Russian media conclude Litvinenko report falsified

  • Published
Moscow's NTV calls report author Mister MaybeImage source, NTV
Image caption,

Moscow's NTV main news called Sir Robert Owen 'Mister Maybe'

Russian media have categorically dismissed suggestions that there may be some substance to the report by Sir Robert Owen into the death of former Russian spy Alexander Litvinenko.

State media's verdict that the report was fabricated, politicised and not transparent is characteristically in tandem with the official line.

Much has been made of the fact that the report is full of words like "probably" and "possibly", and Russian state media said this compromised the veracity of the report.

"Why was the process closed and the key word in the report 'possibly'?" state TV channel Rossiya 24 said, summing up the gist of media reporting.

"Why has the UK exhumed this case now and why are the key witnesses no longer alive?"

'Mister Maybe'

Russian official state television channel Rossiya 1 and Rossiya 24 both downplayed the link between Putin and the polonium poisoning of Litvinenko in London nine years ago.

Media caption,

Much airtime was spent "brushing off" the Litvinenko inquiry - Vitaliy Shevchenko.

Correspondents' reports from London translated the word "probably" as "vozmozhno" ("possibly"), which they kept repeating and stressing, further softening the implications by adding words "even" and "allegedly".

Reporting from London for Rossiya 24, correspondent Aleksey Khabarov used "possible" three times in a single sentence, saying: "It is possible that they [Andrey Lugovoy and Dmitriy Kovtun] acted on the instructions of the Federal Security Service [FSB] of Russia and it is even possible, as he said, that the former head of the FSB Patrushev was involved and, allegedly, the operation was possibly conducted with the approval of President Putin."

According to the Moscow-based NTV channel, Judge Sir Robert Owen is "Mister Maybe". A presenter said that Owen "blamed Lugovoy and Kovtun, entirely predictably and ignored all the evidence to the contrary".

In using words like "possibly", "the judge, Sir Robert Owen, seems to be denying responsibility for the report and could change his mind at any time", another NTV presenter said. She added that there was "nothing new" in the report.

Image source, Channel1
Image caption,

Russian TV channels homed in on the use of the words "possibly" and "probably"

Discrediting Russia

One pundit on NTV argued that secret services do not use radioactive means for killings "because it's hard to hush it up so this whole thing is a put-up job to discredit Russia".

The correspondent said the whole affair was opaque: MI6 did not give evidence and the inquiry went nowhere for six years after Litvinenko's death.

The correspondent concluded: "London's illegitimate conclusions in the Litvinenko case will not remain without serious consequences, according to Moscow. Our country's reaction will come after careful study of the report and it will probably be exceedingly harsh."

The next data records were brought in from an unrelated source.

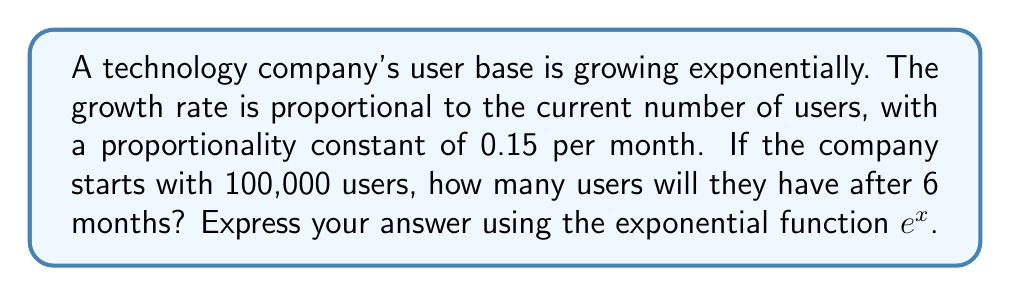Give your solution to this math problem. Let's approach this step-by-step:

1) First, we need to set up our differential equation. Let $U(t)$ be the number of users at time $t$ (in months). The growth rate is proportional to the current number of users, so we can write:

   $$\frac{dU}{dt} = kU$$

   where $k$ is the proportionality constant, given as 0.15 per month.

2) This is a separable first-order differential equation. We can solve it as follows:

   $$\frac{dU}{U} = k dt$$

3) Integrating both sides:

   $$\int \frac{dU}{U} = \int k dt$$
   $$\ln|U| = kt + C$$

4) Taking the exponential of both sides:

   $$U = e^{kt + C} = e^C \cdot e^{kt}$$

5) Let $A = e^C$. This is our initial condition. We're told that $U(0) = 100,000$, so:

   $$100,000 = A \cdot e^{k \cdot 0} = A$$

6) Therefore, our solution is:

   $$U(t) = 100,000 \cdot e^{0.15t}$$

7) To find the number of users after 6 months, we plug in $t = 6$:

   $$U(6) = 100,000 \cdot e^{0.15 \cdot 6} = 100,000 \cdot e^{0.9}$$

8) We can evaluate this using a calculator or leave it in this form.
Answer: $100,000 \cdot e^{0.9}$ users (approximately 245,960 users)

Russian foreign ministry spokeswoman Mariya Zakharova's statement that Western colleagues were engaged in "theatre of absurd" and "theatre of shadows" was aired prominently on main channels. She said the inquiry was "about as closed and secret as it could have been".

Several social media posts jeered at what they portrayed as a tendency to blame Russia for every crisis.

"Drivel statement already picked up by Ukrainian media" said Twitter user Zampolit, external under a hashtag that translates as "Putin may have approved it", with users posting their thoughts on infamous events that the British could pin on the Russian president.

Warming to the theme, Twitter user Dmitriy Khomutov, external wrote: "Massacre of the native population of America by European democrats and humanists"; while Rishikesh News, external tweeted "Putin possibly approved the nuclear holocaust of Hiroshima and Nagasaki".